Data items:
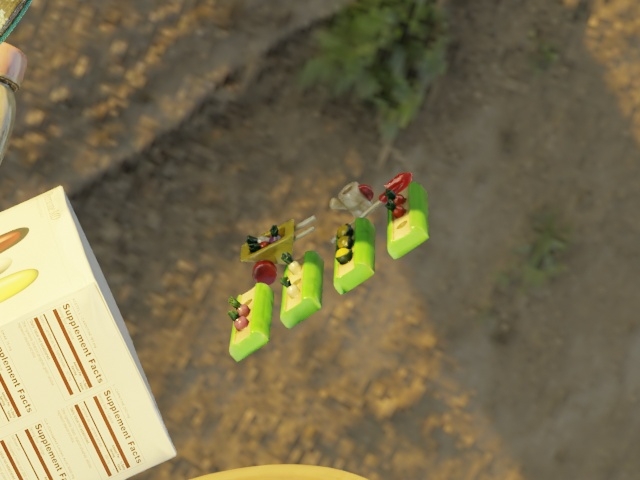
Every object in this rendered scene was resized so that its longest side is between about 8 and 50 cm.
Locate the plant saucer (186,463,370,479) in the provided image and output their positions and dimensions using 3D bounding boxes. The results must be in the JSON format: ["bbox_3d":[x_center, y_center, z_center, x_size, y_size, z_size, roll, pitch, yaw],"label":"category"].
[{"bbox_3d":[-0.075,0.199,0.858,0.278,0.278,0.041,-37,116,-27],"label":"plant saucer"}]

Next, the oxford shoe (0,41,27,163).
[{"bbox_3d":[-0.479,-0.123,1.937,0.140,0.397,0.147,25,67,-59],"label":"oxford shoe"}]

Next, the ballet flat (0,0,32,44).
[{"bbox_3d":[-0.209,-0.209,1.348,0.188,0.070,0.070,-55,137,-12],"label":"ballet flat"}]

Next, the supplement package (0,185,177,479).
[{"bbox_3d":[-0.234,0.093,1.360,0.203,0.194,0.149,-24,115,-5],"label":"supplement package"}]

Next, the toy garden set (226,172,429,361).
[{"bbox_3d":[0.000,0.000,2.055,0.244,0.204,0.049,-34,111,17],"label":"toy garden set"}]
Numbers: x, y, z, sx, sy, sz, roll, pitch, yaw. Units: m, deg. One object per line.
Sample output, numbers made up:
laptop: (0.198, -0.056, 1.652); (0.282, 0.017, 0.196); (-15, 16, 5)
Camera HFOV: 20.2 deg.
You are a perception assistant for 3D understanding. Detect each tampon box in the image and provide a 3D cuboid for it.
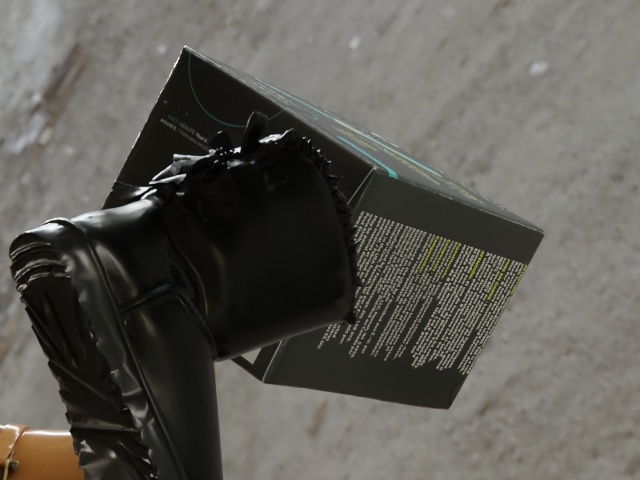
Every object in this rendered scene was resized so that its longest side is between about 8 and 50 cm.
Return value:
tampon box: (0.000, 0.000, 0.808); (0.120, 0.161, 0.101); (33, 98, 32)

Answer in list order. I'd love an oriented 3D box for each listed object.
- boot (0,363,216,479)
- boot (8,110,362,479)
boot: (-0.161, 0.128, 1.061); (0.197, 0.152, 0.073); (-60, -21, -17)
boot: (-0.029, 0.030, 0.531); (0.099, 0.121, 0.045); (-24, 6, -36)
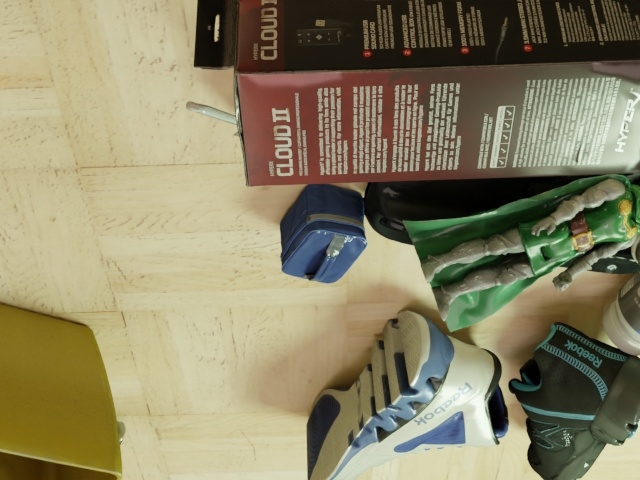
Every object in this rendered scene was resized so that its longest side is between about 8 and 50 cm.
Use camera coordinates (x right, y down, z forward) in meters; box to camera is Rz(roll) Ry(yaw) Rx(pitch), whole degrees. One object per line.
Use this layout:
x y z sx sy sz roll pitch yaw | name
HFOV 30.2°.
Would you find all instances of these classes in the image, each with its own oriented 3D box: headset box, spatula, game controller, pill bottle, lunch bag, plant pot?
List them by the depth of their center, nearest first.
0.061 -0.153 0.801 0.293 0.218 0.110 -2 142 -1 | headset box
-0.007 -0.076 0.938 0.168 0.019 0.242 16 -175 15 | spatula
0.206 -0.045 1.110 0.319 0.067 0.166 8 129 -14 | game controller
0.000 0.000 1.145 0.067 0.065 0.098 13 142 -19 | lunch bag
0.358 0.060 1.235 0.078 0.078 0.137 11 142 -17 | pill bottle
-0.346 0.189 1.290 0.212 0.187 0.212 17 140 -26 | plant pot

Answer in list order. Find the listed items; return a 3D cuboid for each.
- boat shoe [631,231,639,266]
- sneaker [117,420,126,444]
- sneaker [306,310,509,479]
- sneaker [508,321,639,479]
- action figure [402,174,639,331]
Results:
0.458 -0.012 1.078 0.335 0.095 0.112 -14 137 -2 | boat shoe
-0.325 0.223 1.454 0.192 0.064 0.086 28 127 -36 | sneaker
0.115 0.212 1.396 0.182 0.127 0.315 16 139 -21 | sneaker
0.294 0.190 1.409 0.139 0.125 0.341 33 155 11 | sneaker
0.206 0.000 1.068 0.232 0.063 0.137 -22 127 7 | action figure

◆ **Problem to work on**: Extract each line from the entries above that contains the string "order".

◆ **Exercise result**:
Answer in list order. I'd love an oriented 3D box for each listed object.
Answer in list order. Find the listed items; return a 3D cuboid for each.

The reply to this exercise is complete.